Changes in treatment guidelines are not the only factor that will improve the impact of treatment, the meeting heard. Analysis of epidemiological data from sub-Saharan Africa suggest that around 35-40% of AIDS deaths are occurring in people who have been diagnosed with HIV but never linked to care or who become disengaged from care, and this proportion is likely to increase as the undiagnosed population diminishes, said Professor Timothy Hallett of Imperial College, London. Modelling by an international partnership of researchers shows that AIDS deaths could be reduced by between 6% and 14% by offering treatment at the time when people with HIV first present to health services, Prof. Hallett said. The reduction in deaths would occur not as a consequence of early treatment, but as a result of preventing loss from care, emphasising the importance of identifying the best methods of improving linkage to care and retention in care.

The new guidelines will also consider how to integrate the use of low-dose efavirenz and the integrase inhibitors – especially dolutegravir – into clinical care. Approximately two-thirds of people on first-line treatment worldwide are taking efavirenz, which is highly potent and widely available in generic formulations at low cost. It does have some disadvantages however, including interaction with the TB drug rifampicin which complicates dosing, and a cluster of neuropsychiatric side effects such as sleep impairment, dizziness and depression which make it difficult to tolerate for a significant minority of people.

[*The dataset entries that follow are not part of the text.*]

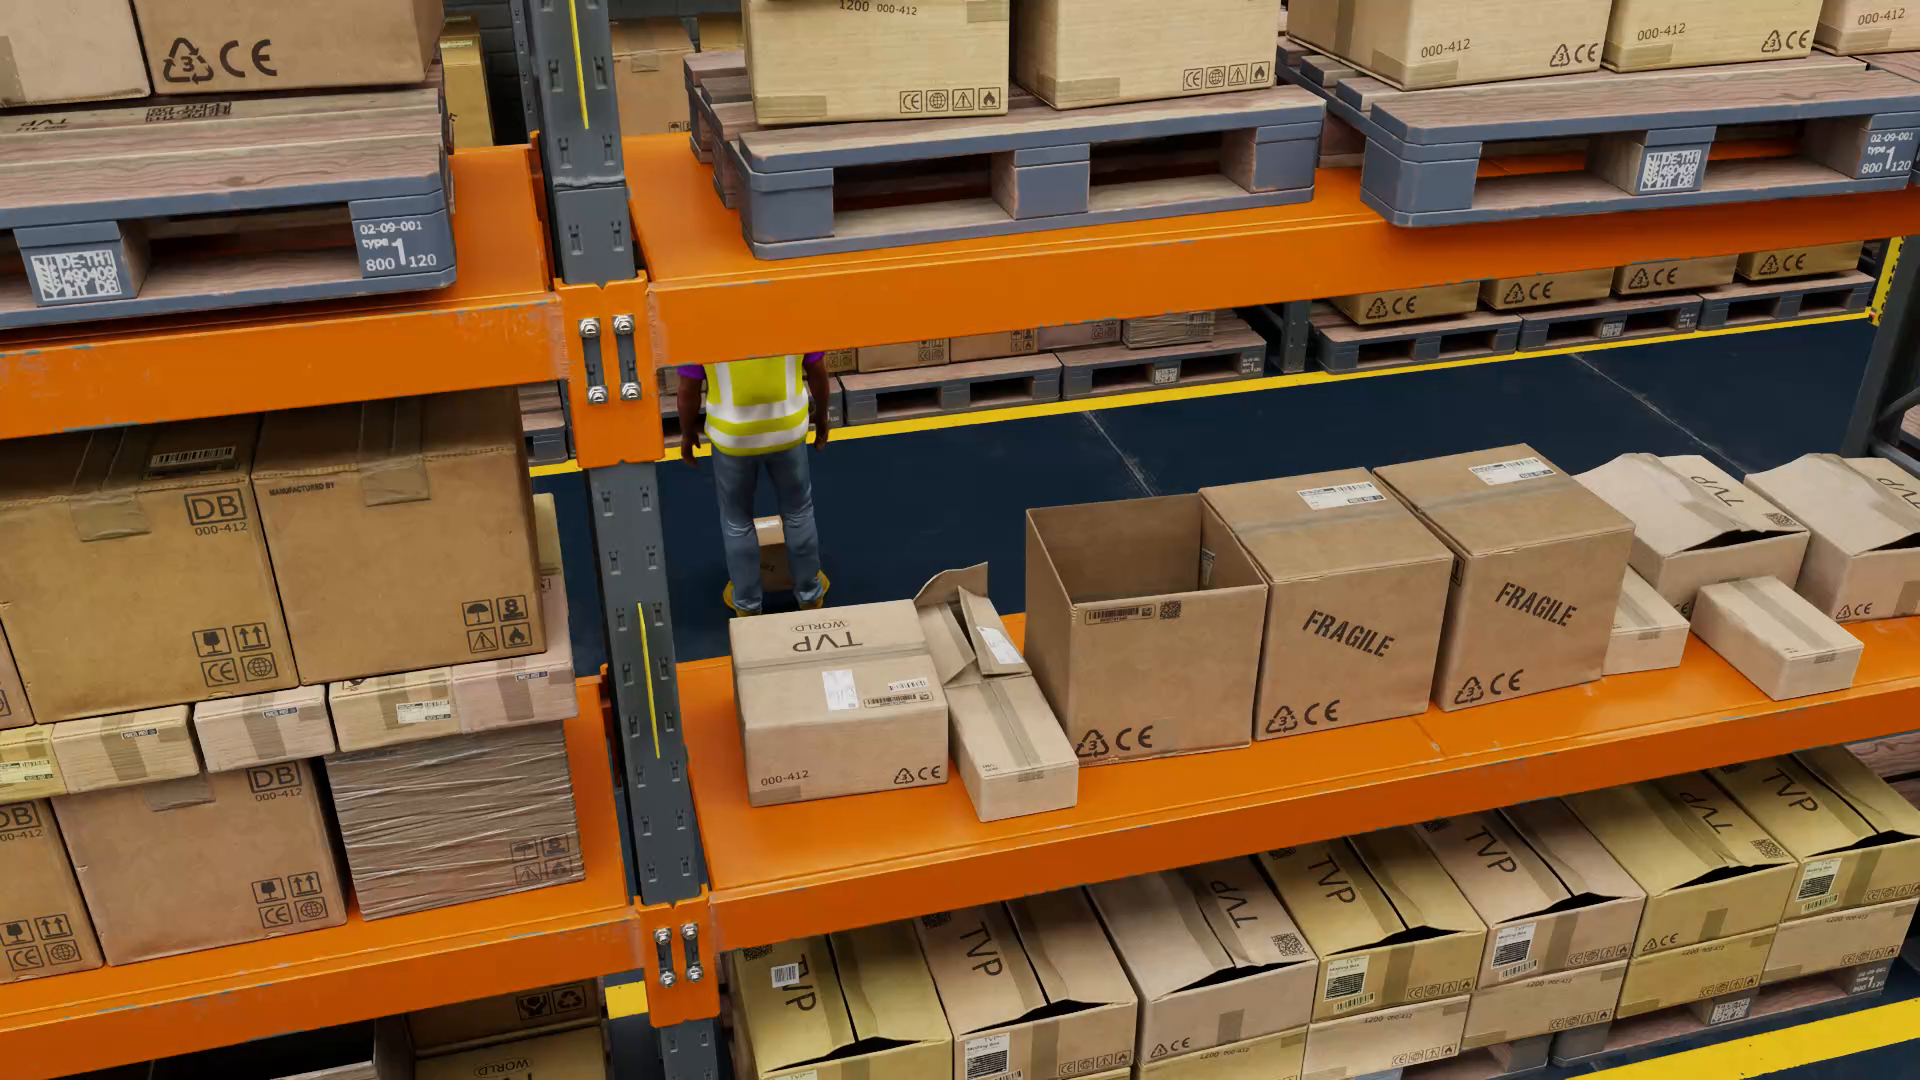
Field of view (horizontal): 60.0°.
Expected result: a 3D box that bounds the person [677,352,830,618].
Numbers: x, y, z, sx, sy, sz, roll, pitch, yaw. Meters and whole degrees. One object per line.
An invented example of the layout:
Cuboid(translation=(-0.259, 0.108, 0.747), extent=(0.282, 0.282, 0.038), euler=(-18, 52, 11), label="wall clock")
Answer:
Cuboid(translation=(-0.850, -0.473, 6.927), extent=(0.638, 1.761, 0.457), euler=(-8, 31, -14), label="person")
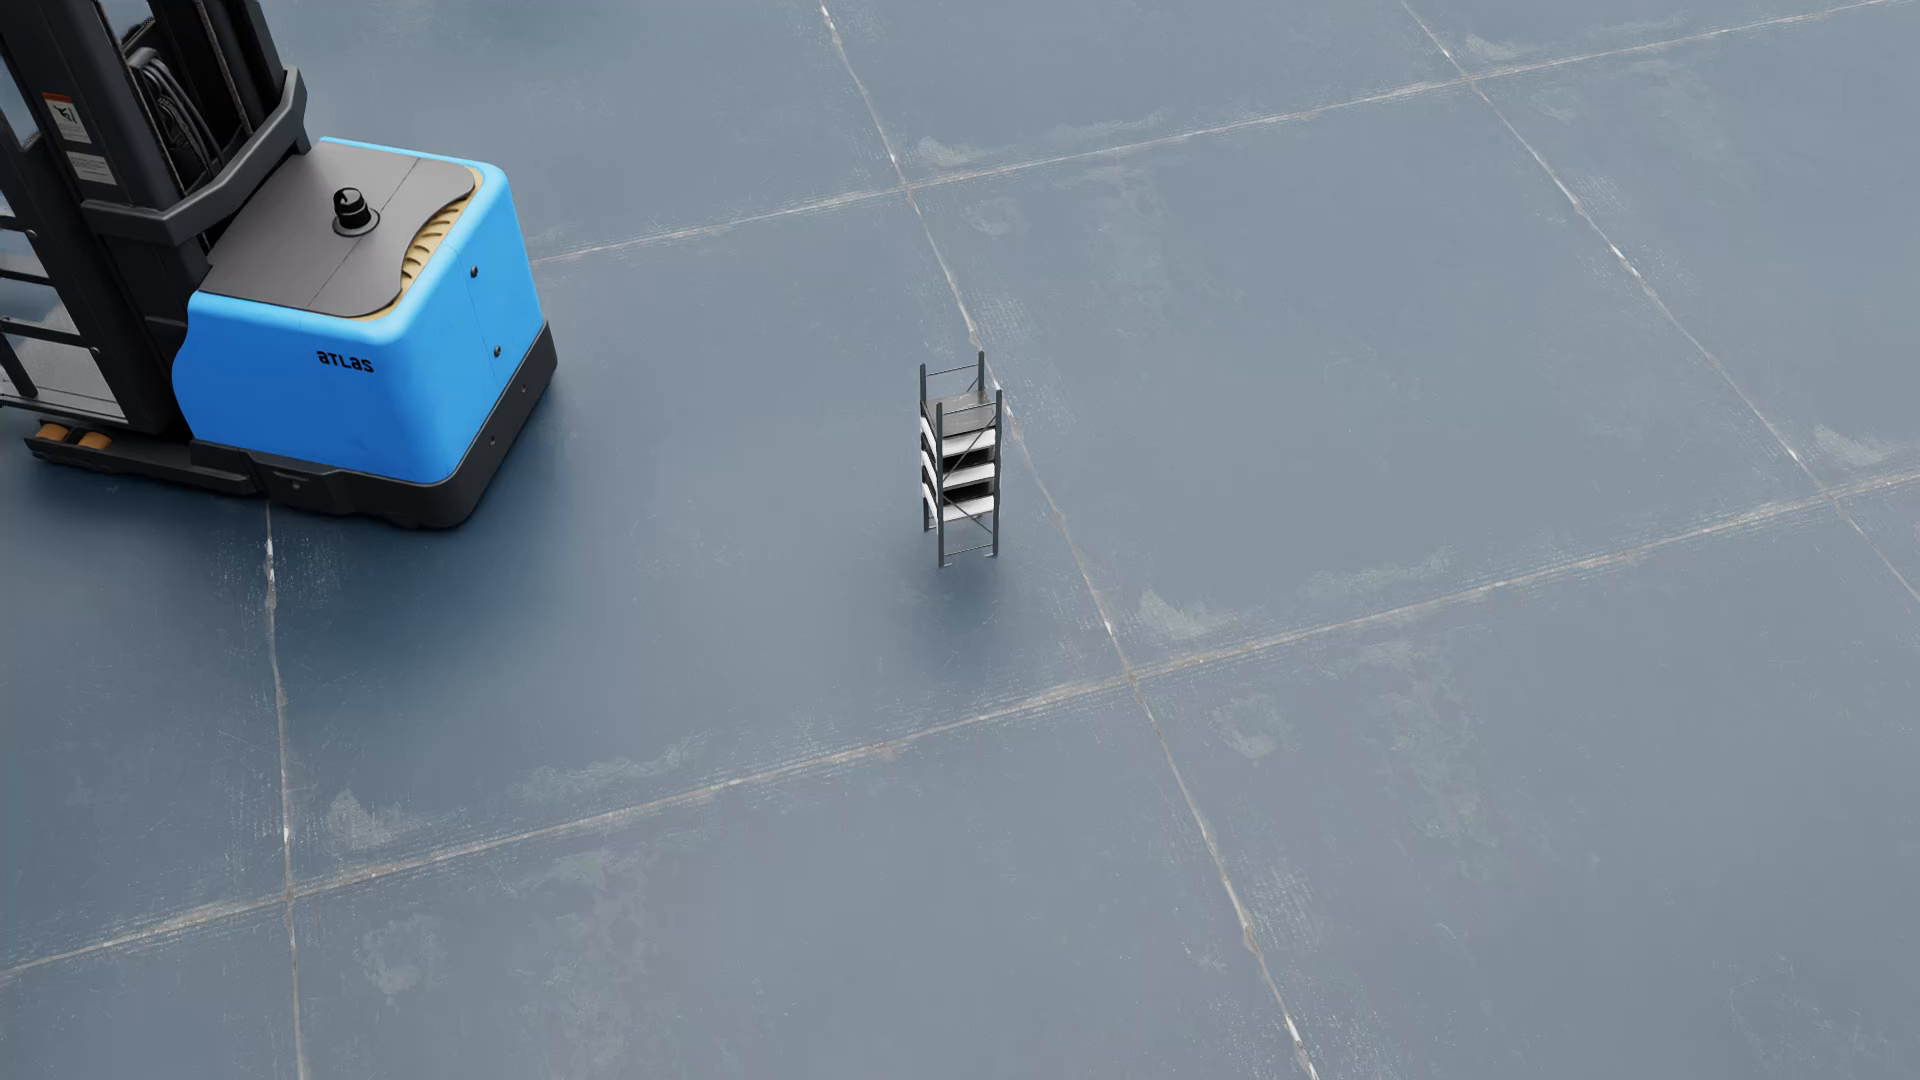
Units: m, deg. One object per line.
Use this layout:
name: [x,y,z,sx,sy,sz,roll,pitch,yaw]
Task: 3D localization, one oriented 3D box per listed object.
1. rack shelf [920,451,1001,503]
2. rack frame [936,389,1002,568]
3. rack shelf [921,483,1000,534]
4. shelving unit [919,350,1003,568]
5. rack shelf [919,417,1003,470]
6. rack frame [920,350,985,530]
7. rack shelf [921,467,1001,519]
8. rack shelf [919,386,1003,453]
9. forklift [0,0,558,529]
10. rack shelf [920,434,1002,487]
rack shelf: [0.002,-0.263,6.216,0.258,0.077,0.200,-13,51,-11]
rack frame: [0.032,-0.210,6.128,0.240,0.900,0.006,-13,51,-11]
rack shelf: [0.002,-0.147,6.354,0.258,0.077,0.200,-13,51,-11]
shelving unit: [0.002,-0.284,6.191,0.258,0.900,0.210,-13,51,-11]
rack shelf: [0.002,-0.379,6.078,0.258,0.077,0.200,-13,51,-11]
rack frame: [-0.028,-0.358,6.253,0.240,0.900,0.006,-13,51,-11]
rack shelf: [0.002,-0.205,6.285,0.258,0.077,0.200,-13,51,-11]
rack shelf: [0.002,-0.437,6.010,0.258,0.077,0.200,-13,51,-11]
forklift: [-3.286,-1.602,5.973,3.031,2.935,1.130,11,51,9]
rack shelf: [0.002,-0.321,6.147,0.258,0.077,0.200,-13,51,-11]
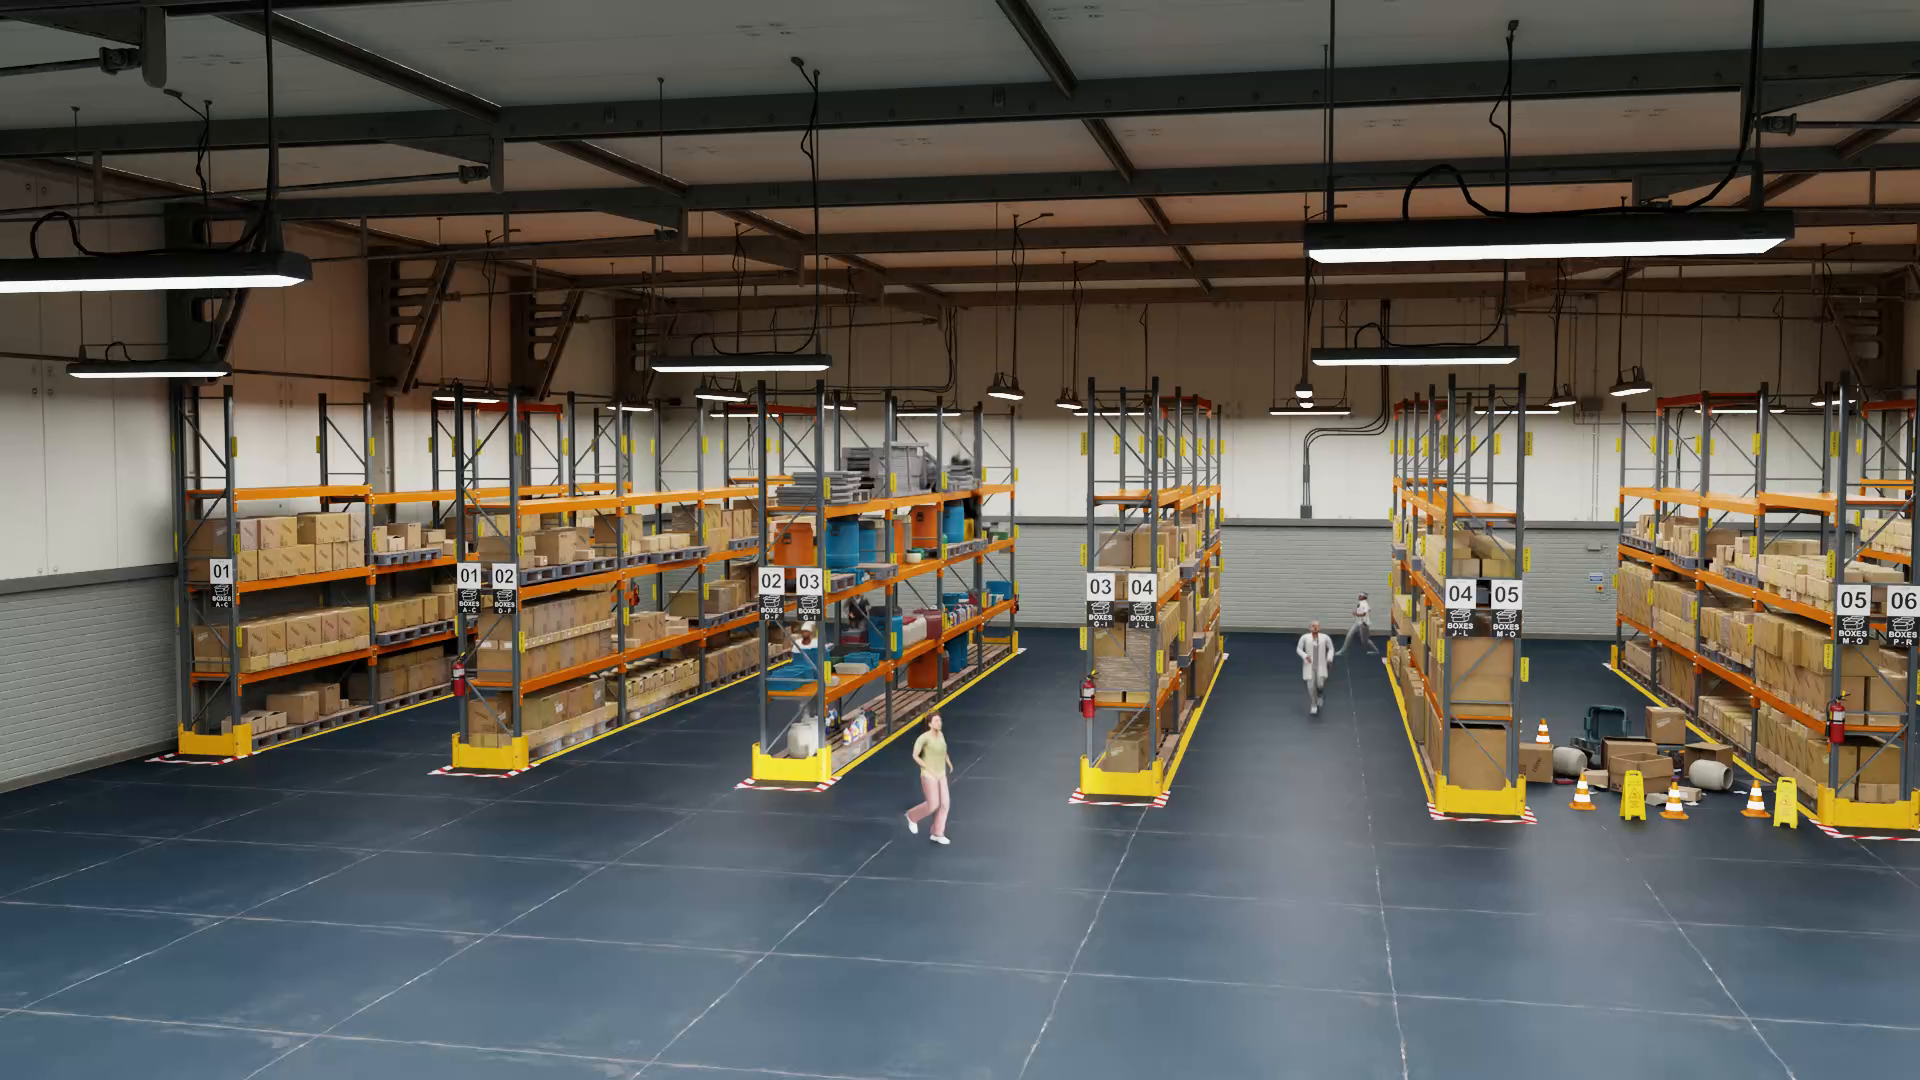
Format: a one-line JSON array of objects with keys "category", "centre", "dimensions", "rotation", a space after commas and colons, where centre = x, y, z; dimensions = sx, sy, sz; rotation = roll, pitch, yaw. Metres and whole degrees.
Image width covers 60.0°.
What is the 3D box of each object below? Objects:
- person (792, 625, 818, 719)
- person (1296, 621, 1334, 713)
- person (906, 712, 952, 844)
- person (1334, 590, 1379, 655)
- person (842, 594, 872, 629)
[{"category": "person", "centre": [-2.797, 2.424, 30.748], "dimensions": [0.691, 1.734, 0.632], "rotation": [1, 3, 11]}, {"category": "person", "centre": [6.689, 2.387, 31.315], "dimensions": [0.707, 1.736, 0.633], "rotation": [1, 3, 11]}, {"category": "person", "centre": [-0.371, 3.002, 21.165], "dimensions": [0.685, 1.655, 0.602], "rotation": [3, 4, 43]}, {"category": "person", "centre": [9.522, 1.978, 39.648], "dimensions": [1.036, 1.586, 0.640], "rotation": [0, 3, -7]}, {"category": "person", "centre": [-2.452, 1.948, 39.652], "dimensions": [0.709, 1.739, 0.781], "rotation": [0, 3, -8]}]
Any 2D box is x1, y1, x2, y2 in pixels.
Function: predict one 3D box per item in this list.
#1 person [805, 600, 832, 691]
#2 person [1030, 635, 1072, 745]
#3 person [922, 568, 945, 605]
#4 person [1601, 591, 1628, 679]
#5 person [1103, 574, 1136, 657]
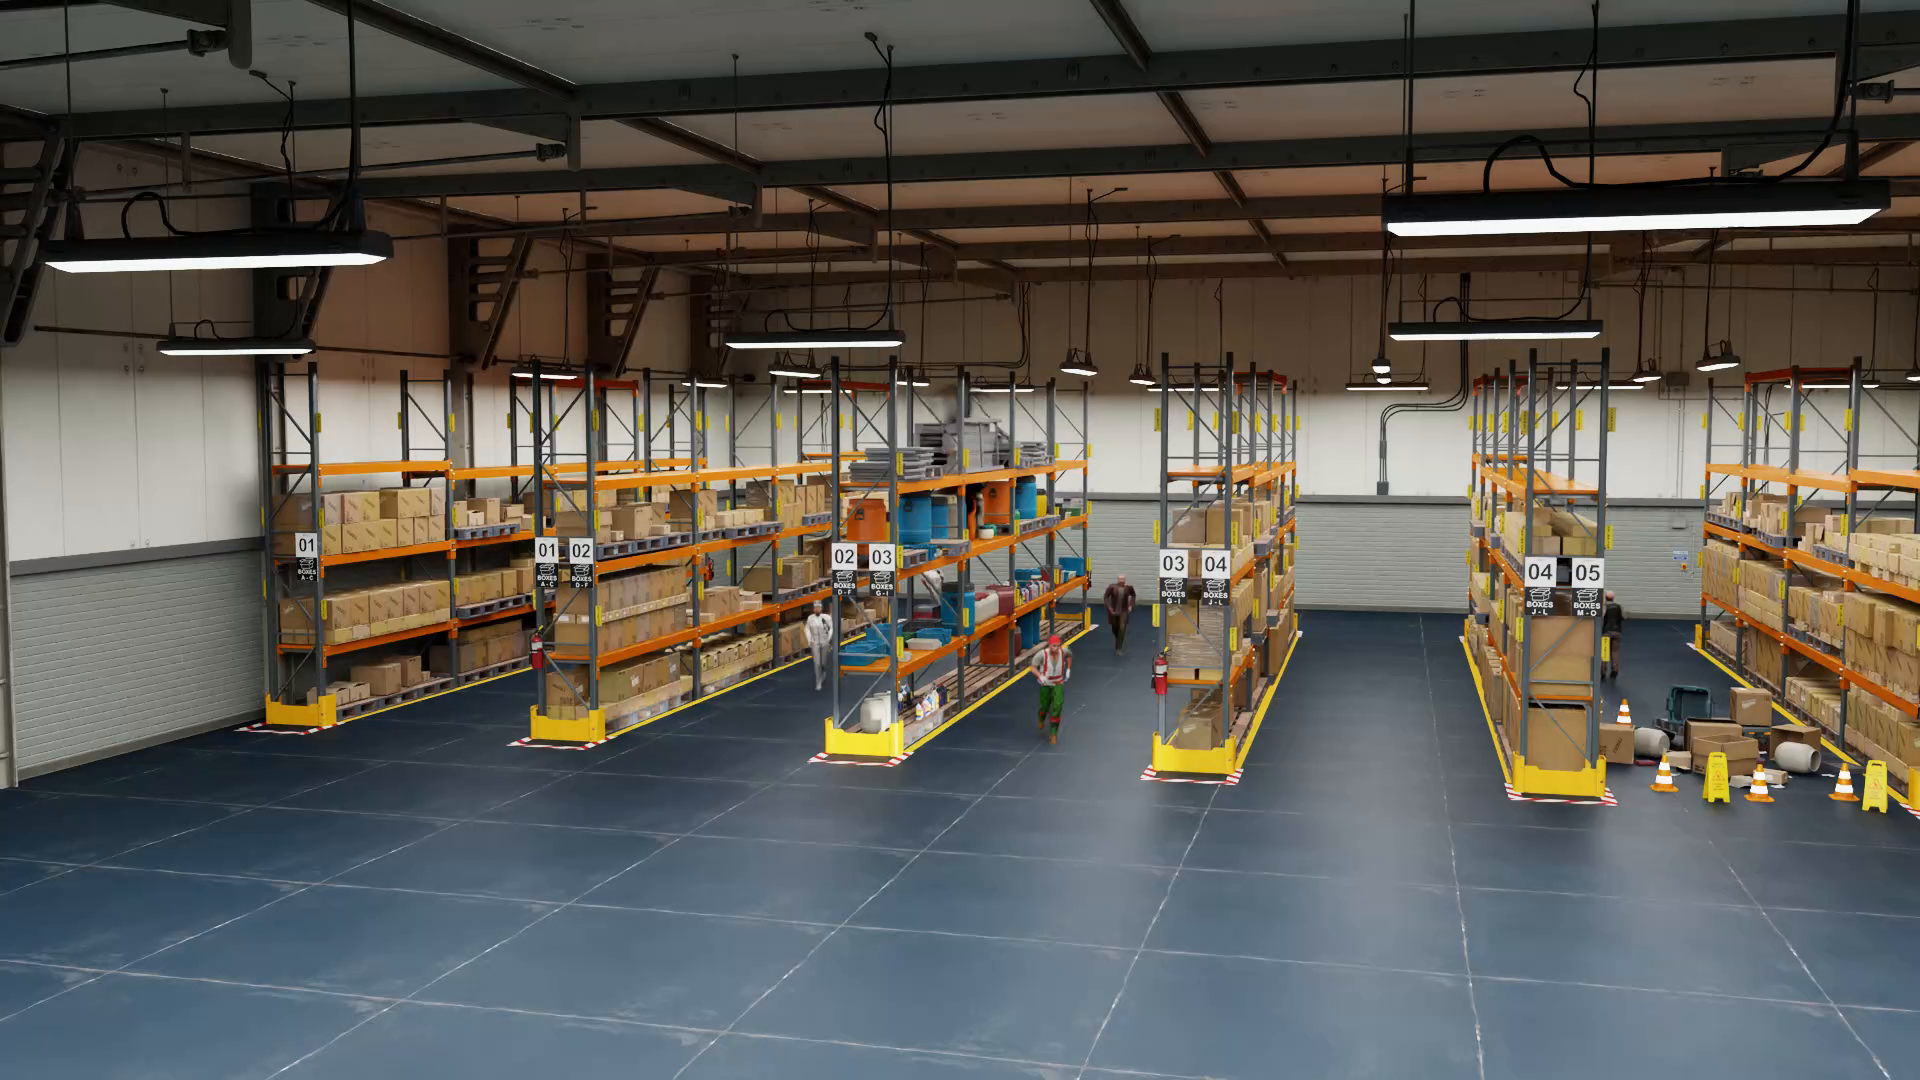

A systematic review of 76 trials conducted as part of the guidelines review, comprising 35,270 patients, including six direct comparisons of efavirenz with integrase inhibitor-based regimens, concluded that integrase inhibitors are more effective at suppressing HIV than efavirenz over follow-up of up to two years, and that dolutegravir or reduced-dose efavirenz are superior to other rgeimens in terms of CD4 recovery.

Dolutegravir has been licensed to the Medicines Patent Pool by ViiV for the development of fixed-dose combination antiretroviral products for lower-income countries, and both the Medicines Patent Pool and the Clinton Health Access Initiative (CHAI) project that by 2025 between 72% and 76% of people on HIV treatment worldwide will be taking a first-line regimen based on dolutegravir.  But, in the interim, the shift to better-tolerated regimens will happen at varying paces in different countries.